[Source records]

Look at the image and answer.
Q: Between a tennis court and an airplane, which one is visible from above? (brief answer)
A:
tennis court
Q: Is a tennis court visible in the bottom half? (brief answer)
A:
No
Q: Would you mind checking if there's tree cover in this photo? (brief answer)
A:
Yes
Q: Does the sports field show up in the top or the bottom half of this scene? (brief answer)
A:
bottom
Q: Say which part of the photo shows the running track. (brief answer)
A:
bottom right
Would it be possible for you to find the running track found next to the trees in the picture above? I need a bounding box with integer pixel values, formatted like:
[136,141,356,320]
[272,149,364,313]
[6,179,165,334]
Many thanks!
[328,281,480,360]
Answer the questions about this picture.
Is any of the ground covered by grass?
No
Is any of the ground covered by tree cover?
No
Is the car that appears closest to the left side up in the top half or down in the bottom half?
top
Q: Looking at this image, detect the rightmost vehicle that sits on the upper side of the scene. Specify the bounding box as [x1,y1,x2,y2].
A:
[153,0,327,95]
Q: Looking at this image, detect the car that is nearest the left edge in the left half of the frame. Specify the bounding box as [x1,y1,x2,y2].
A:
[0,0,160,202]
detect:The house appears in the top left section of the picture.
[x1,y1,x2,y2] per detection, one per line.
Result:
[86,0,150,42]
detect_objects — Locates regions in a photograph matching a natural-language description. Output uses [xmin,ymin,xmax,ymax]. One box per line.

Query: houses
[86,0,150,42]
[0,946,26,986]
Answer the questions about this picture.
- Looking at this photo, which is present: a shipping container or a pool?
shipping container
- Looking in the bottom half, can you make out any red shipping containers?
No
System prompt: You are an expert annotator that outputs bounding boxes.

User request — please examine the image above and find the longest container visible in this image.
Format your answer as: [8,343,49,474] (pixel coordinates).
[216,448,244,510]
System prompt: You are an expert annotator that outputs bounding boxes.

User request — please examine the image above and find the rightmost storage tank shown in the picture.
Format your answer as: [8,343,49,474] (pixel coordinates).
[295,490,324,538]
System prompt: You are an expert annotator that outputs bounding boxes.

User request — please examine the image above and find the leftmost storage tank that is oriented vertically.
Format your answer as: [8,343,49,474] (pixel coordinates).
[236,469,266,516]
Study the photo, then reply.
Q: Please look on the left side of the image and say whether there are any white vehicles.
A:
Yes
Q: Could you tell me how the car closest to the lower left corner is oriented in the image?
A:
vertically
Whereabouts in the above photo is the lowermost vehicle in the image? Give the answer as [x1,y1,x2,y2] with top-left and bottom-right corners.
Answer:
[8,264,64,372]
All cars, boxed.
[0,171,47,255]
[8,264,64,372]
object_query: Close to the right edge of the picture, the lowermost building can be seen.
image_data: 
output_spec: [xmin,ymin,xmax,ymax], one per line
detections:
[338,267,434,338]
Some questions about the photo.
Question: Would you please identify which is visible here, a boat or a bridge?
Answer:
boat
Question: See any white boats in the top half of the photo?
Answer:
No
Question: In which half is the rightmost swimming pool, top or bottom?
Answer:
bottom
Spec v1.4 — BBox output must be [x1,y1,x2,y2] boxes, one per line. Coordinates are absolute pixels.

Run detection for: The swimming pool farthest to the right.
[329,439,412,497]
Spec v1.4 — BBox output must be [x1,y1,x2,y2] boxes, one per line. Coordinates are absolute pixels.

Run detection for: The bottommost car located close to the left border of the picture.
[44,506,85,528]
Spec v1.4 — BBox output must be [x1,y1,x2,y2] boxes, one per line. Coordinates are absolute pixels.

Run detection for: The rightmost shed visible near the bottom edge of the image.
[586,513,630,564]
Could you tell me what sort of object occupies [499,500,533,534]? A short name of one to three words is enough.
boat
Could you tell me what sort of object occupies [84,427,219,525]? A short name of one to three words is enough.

Work required
Set down every entry exactly as given.

Exercise solution
Look at the image and answer.
Q: Between a tennis court and an airplane, which one is visible from above? (brief answer)
A:
tennis court
Q: Is a tennis court visible in the bottom half? (brief answer)
A:
No
Q: Would you mind checking if there's tree cover in this photo? (brief answer)
A:
Yes
Q: Does the sports field show up in the top or the bottom half of this scene? (brief answer)
A:
bottom
Q: Say which part of the photo shows the running track. (brief answer)
A:
bottom right
Would it be possible for you to find the running track found next to the trees in the picture above? I need a bounding box with integer pixel values, formatted like:
[136,141,356,320]
[272,149,364,313]
[6,179,165,334]
Many thanks!
[328,281,480,360]
Answer the questions about this picture.
Is any of the ground covered by grass?
No
Is any of the ground covered by tree cover?
No
Is the car that appears closest to the left side up in the top half or down in the bottom half?
top
Q: Looking at this image, detect the rightmost vehicle that sits on the upper side of the scene. Specify the bounding box as [x1,y1,x2,y2].
A:
[153,0,327,95]
Q: Looking at this image, detect the car that is nearest the left edge in the left half of the frame. Specify the bounding box as [x1,y1,x2,y2].
A:
[0,0,160,202]
detect:The house appears in the top left section of the picture.
[x1,y1,x2,y2] per detection, one per line.
Result:
[86,0,150,42]
detect_objects — Locates regions in a photograph matching a natural-language description. Output uses [xmin,ymin,xmax,ymax]. One box per line.

Query: houses
[86,0,150,42]
[0,946,26,986]
Answer the questions about this picture.
- Looking at this photo, which is present: a shipping container or a pool?
shipping container
- Looking in the bottom half, can you make out any red shipping containers?
No
System prompt: You are an expert annotator that outputs bounding boxes.

User request — please examine the image above and find the longest container visible in this image.
Format your answer as: [8,343,49,474] (pixel coordinates).
[216,448,244,510]
System prompt: You are an expert annotator that outputs bounding boxes.

User request — please examine the image above and find the rightmost storage tank shown in the picture.
Format your answer as: [8,343,49,474] (pixel coordinates).
[295,490,324,538]
System prompt: You are an expert annotator that outputs bounding boxes.

User request — please examine the image above and find the leftmost storage tank that is oriented vertically.
Format your answer as: [8,343,49,474] (pixel coordinates).
[236,469,266,516]
Study the photo, then reply.
Q: Please look on the left side of the image and say whether there are any white vehicles.
A:
Yes
Q: Could you tell me how the car closest to the lower left corner is oriented in the image?
A:
vertically
Whereabouts in the above photo is the lowermost vehicle in the image? Give the answer as [x1,y1,x2,y2] with top-left and bottom-right corners.
Answer:
[8,264,64,372]
All cars, boxed.
[0,171,47,255]
[8,264,64,372]
object_query: Close to the right edge of the picture, the lowermost building can be seen.
image_data: 
output_spec: [xmin,ymin,xmax,ymax], one per line
detections:
[338,267,434,338]
Some questions about the photo.
Question: Would you please identify which is visible here, a boat or a bridge?
Answer:
boat
Question: See any white boats in the top half of the photo?
Answer:
No
Question: In which half is the rightmost swimming pool, top or bottom?
Answer:
bottom
Spec v1.4 — BBox output must be [x1,y1,x2,y2] boxes, one per line. Coordinates are absolute pixels.

Run detection for: The swimming pool farthest to the right.
[329,439,412,497]
Spec v1.4 — BBox output must be [x1,y1,x2,y2] boxes, one per line. Coordinates are absolute pixels.

Run detection for: The bottommost car located close to the left border of the picture.
[44,506,85,528]
Spec v1.4 — BBox output must be [x1,y1,x2,y2] boxes, one per line. Coordinates are absolute pixels.

Run detection for: The rightmost shed visible near the bottom edge of the image.
[586,513,630,564]
Could you tell me what sort of object occupies [499,500,533,534]? A short name of one to three words is enough.
boat
Could you tell me what sort of object occupies [84,427,219,525]? A short name of one to three words is enough.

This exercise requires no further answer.